From the records below, extract only the lines running from the line with "You are a 3D" to the line with "sneaker [65, 0, 91, 13]", both lines included, reproducing them exactly.

START Data supplied

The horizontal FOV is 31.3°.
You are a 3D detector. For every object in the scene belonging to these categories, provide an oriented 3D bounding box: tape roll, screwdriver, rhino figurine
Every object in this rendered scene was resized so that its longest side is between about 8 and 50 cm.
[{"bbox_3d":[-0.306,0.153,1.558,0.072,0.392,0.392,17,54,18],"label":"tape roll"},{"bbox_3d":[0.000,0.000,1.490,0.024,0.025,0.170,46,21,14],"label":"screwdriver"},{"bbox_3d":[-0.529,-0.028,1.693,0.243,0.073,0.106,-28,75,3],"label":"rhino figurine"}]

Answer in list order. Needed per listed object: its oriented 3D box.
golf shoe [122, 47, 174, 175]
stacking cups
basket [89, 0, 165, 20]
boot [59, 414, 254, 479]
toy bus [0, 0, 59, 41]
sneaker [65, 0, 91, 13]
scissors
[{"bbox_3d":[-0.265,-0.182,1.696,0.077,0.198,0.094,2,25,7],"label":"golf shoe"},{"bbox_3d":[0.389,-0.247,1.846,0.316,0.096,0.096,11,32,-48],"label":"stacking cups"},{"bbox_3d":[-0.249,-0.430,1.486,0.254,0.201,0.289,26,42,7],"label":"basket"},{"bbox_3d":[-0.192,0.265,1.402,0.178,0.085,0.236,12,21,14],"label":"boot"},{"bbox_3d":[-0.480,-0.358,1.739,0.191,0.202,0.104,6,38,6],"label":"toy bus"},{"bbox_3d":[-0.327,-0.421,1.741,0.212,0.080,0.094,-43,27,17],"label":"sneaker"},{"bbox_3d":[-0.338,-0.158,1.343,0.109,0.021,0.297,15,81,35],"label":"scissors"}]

END Data supplied

Response box
You are a 3D detector. For every object in the scene belonging to these categories, provide an oriented 3D bounding box: tape roll, screwdriver, rhino figurine
Every object in this rendered scene was resized so that its longest side is between about 8 and 50 cm.
[{"bbox_3d":[-0.306,0.153,1.558,0.072,0.392,0.392,17,54,18],"label":"tape roll"},{"bbox_3d":[0.000,0.000,1.490,0.024,0.025,0.170,46,21,14],"label":"screwdriver"},{"bbox_3d":[-0.529,-0.028,1.693,0.243,0.073,0.106,-28,75,3],"label":"rhino figurine"}]

Answer in list order. Needed per listed object: its oriented 3D box.
golf shoe [122, 47, 174, 175]
stacking cups
basket [89, 0, 165, 20]
boot [59, 414, 254, 479]
toy bus [0, 0, 59, 41]
sneaker [65, 0, 91, 13]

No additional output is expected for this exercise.